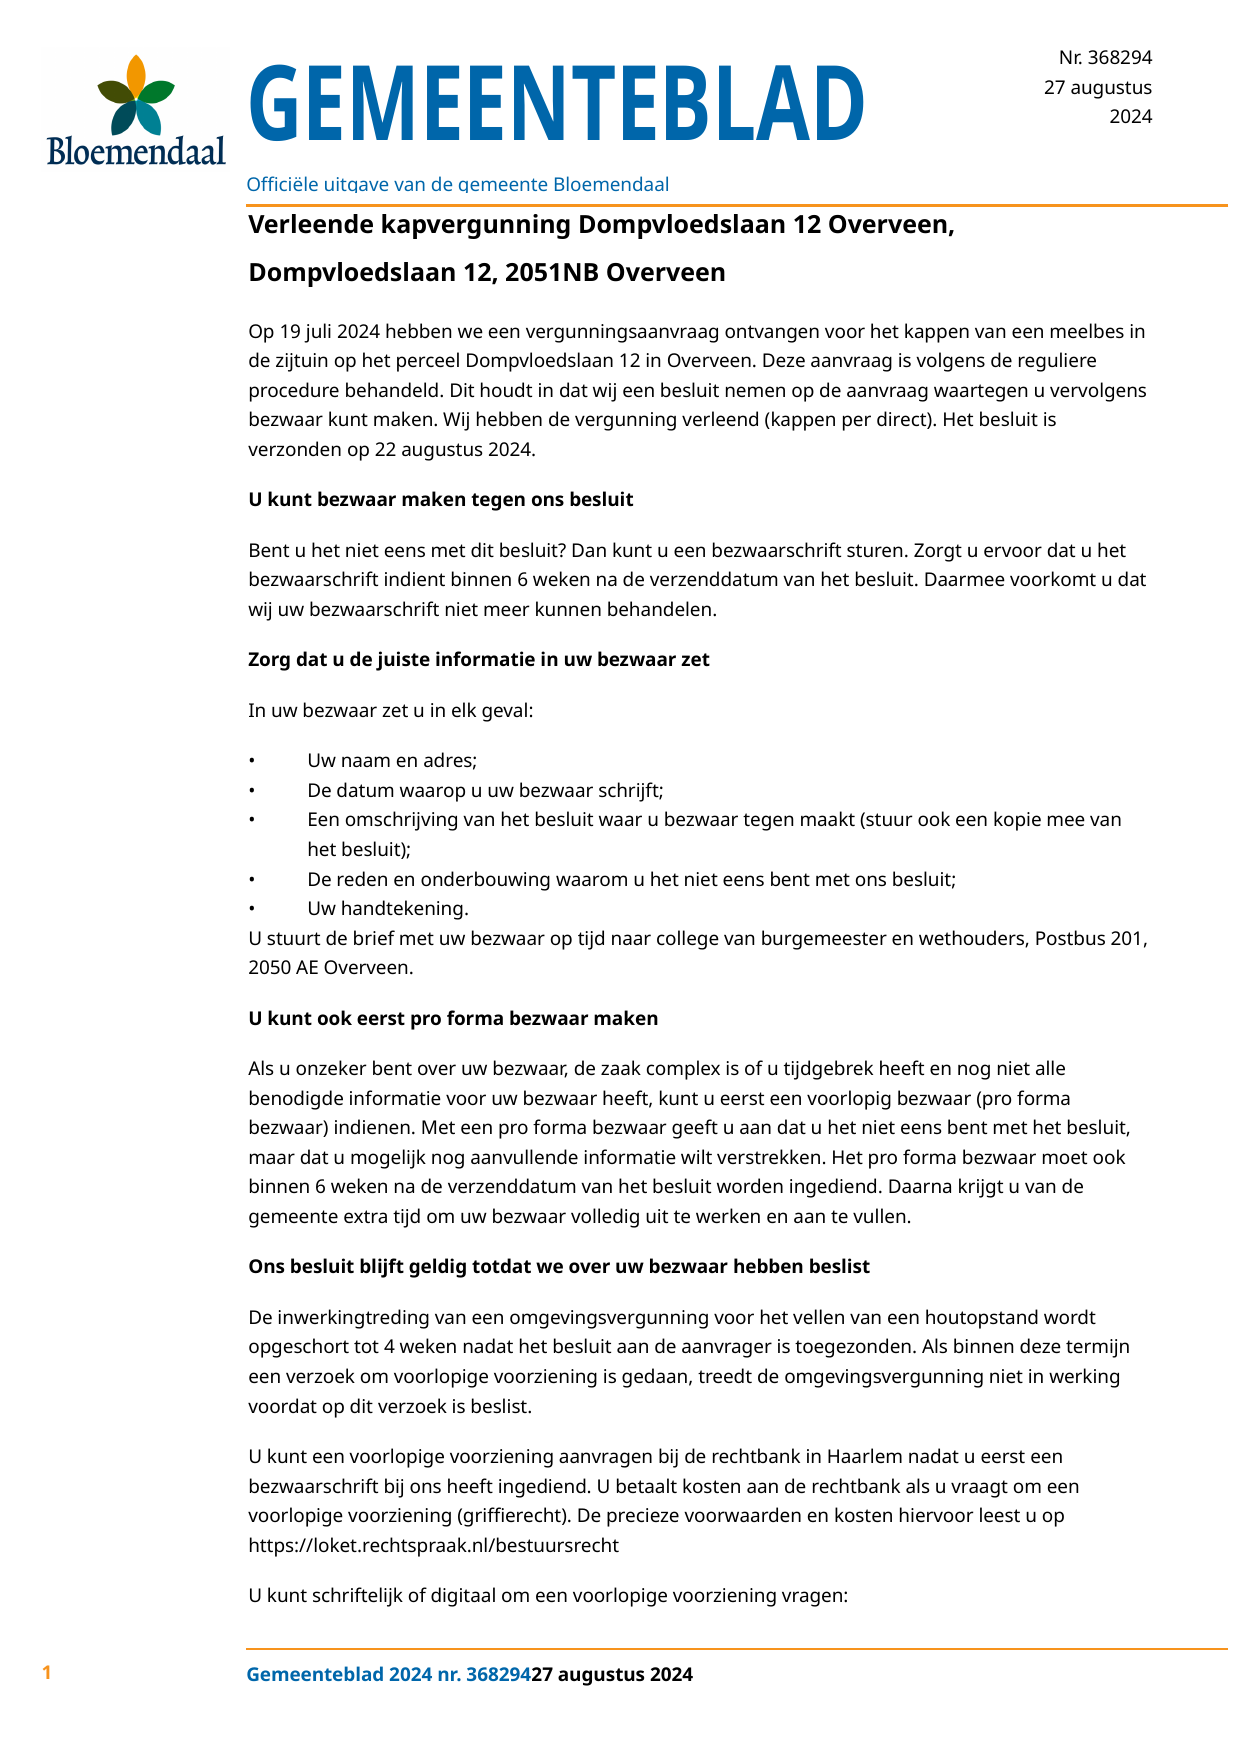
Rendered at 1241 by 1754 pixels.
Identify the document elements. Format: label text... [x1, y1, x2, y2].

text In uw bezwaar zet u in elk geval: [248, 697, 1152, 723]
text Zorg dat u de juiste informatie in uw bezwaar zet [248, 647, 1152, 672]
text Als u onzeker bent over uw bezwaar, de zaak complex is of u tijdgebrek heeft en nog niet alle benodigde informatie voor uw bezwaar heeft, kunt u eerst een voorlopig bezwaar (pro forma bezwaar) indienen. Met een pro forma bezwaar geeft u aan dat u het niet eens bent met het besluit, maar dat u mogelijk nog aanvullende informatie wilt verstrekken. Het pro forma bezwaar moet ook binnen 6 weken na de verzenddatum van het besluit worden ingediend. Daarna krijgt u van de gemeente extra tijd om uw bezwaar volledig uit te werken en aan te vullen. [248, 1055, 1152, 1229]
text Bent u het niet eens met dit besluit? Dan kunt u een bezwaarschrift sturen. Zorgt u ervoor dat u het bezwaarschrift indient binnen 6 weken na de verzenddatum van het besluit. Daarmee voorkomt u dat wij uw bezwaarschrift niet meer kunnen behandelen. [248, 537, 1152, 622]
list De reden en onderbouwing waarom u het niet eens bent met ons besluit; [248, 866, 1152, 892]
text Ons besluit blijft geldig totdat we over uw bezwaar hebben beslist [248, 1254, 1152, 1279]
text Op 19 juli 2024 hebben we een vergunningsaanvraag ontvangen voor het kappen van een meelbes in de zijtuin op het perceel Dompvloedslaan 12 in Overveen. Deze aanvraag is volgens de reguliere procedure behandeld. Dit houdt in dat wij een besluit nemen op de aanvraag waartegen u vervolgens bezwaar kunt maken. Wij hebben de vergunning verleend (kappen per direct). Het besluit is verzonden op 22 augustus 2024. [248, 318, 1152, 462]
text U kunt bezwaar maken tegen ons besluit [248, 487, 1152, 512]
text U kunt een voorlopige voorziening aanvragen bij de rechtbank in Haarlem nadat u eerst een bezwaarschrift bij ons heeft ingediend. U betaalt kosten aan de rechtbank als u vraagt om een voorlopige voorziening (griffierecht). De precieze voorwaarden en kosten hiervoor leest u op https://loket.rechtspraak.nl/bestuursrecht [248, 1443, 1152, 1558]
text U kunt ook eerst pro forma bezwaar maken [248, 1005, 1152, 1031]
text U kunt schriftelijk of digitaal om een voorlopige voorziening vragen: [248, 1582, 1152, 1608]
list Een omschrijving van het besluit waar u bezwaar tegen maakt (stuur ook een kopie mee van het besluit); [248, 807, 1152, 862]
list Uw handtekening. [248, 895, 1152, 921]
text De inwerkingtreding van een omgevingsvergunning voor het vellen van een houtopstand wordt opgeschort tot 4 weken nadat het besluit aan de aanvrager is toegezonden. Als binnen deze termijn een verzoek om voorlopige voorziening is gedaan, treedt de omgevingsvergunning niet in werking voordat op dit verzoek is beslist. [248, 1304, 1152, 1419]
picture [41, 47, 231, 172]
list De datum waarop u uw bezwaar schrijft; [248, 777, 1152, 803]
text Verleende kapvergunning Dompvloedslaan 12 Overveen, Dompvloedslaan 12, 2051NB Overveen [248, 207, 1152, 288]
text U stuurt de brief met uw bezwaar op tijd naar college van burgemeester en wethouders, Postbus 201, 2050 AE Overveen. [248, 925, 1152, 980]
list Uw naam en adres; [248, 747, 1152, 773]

□ □ □

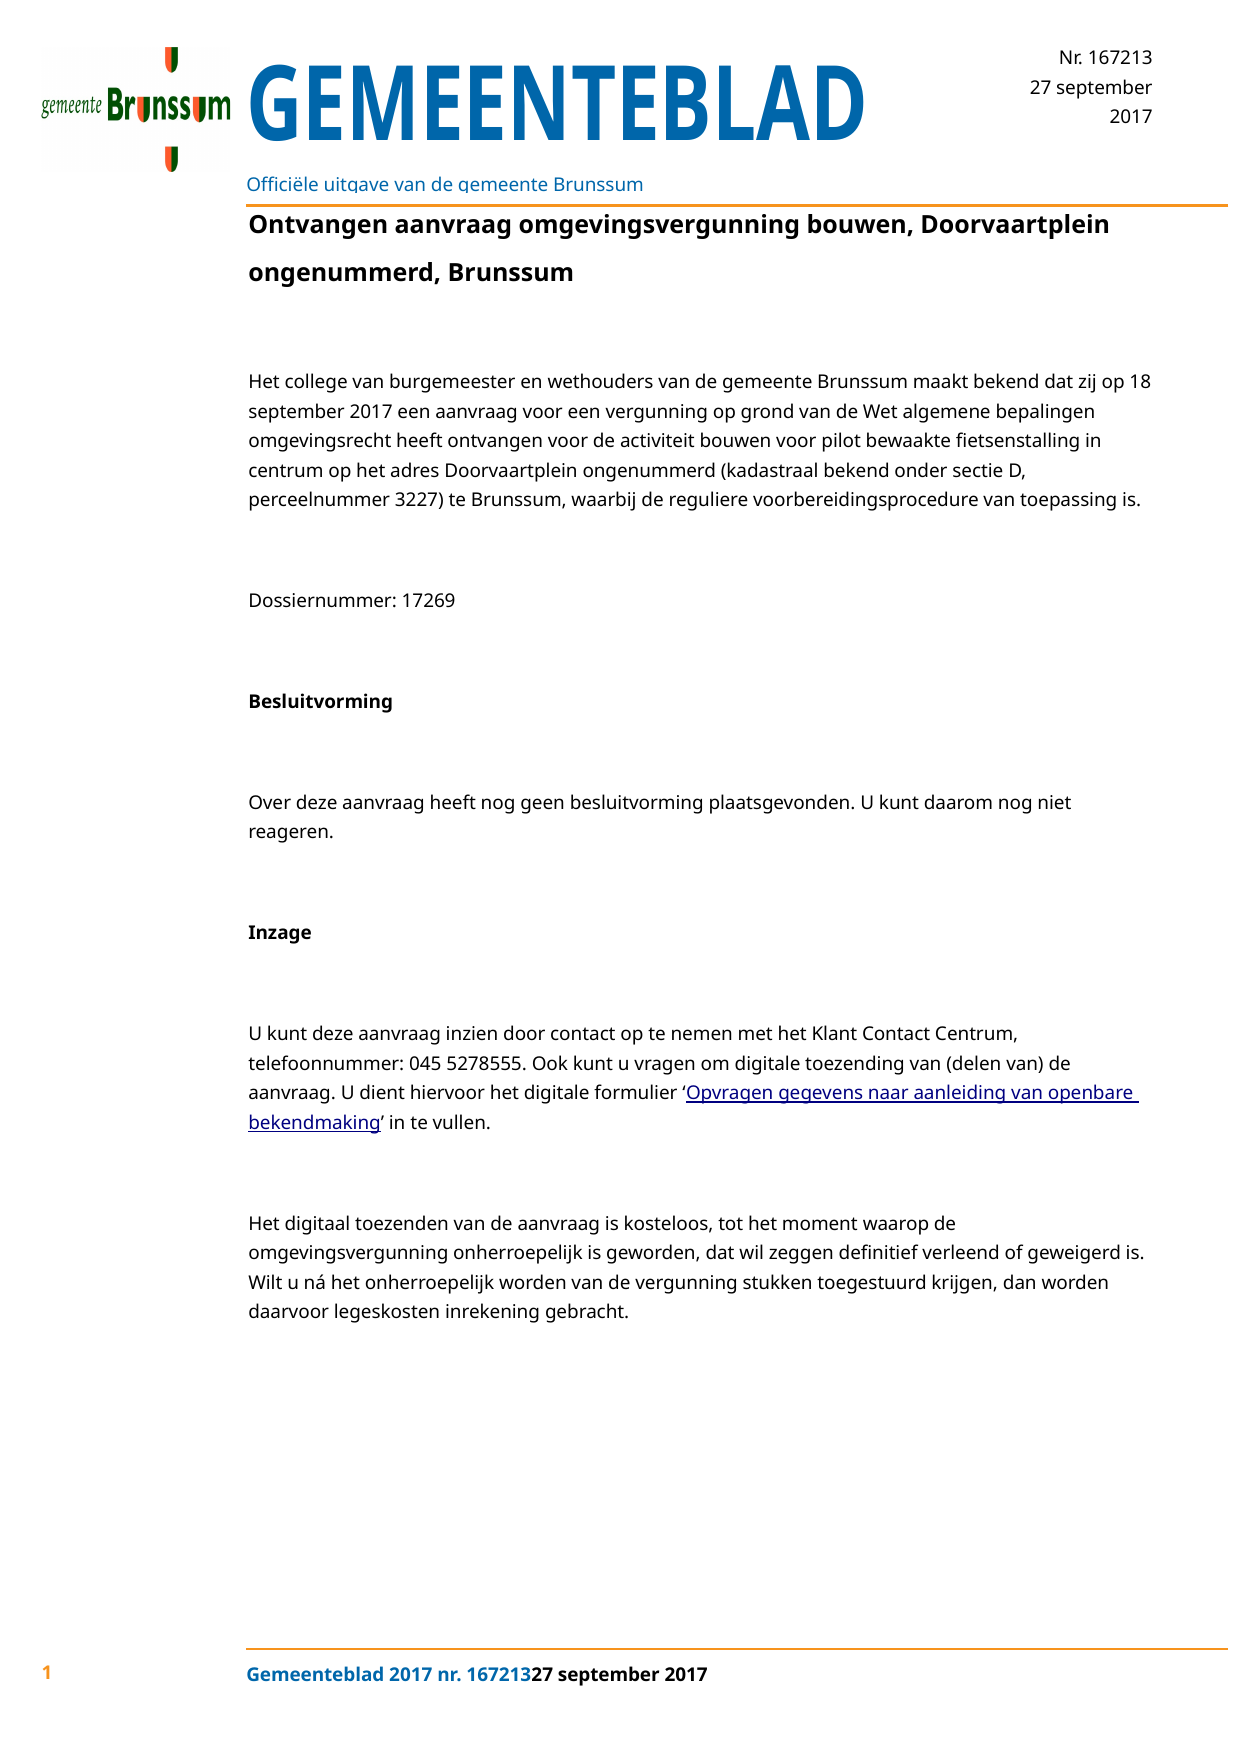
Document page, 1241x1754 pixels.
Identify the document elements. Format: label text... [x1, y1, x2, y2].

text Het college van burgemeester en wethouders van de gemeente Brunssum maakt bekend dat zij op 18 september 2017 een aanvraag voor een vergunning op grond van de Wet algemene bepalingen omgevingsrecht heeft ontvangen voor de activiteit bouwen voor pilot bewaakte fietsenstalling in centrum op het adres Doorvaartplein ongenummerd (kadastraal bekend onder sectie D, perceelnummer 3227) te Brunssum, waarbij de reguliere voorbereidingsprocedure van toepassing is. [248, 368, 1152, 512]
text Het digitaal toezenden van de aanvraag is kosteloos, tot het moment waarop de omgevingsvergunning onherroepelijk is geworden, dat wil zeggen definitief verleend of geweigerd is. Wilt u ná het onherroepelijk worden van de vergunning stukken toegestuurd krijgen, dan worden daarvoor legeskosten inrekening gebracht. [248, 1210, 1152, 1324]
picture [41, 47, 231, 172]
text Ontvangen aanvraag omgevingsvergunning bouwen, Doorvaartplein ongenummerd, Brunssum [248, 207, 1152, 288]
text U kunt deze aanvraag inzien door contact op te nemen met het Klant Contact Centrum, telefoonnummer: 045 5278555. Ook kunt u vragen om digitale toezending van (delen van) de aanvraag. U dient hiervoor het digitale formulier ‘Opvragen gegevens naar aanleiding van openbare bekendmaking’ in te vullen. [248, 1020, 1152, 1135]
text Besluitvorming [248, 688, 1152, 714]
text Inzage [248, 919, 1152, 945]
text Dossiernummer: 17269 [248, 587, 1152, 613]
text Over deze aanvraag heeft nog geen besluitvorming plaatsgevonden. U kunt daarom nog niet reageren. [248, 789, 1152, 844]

□ □ □

EXERCISE OBJECTIVE → Beginning at the line with "list De datum" and stopping after the line with "list Uw naam en adres; [248, 747, 1152, 773]", please write out every line of the data above exactly and nothing else.

RESULT OF THE EXERCISE →
list De datum waarop u uw bezwaar schrijft; [248, 777, 1152, 803]
text Verleende kapvergunning Dompvloedslaan 12 Overveen, Dompvloedslaan 12, 2051NB Overveen [248, 207, 1152, 288]
text U stuurt de brief met uw bezwaar op tijd naar college van burgemeester en wethouders, Postbus 201, 2050 AE Overveen. [248, 925, 1152, 980]
list Uw naam en adres; [248, 747, 1152, 773]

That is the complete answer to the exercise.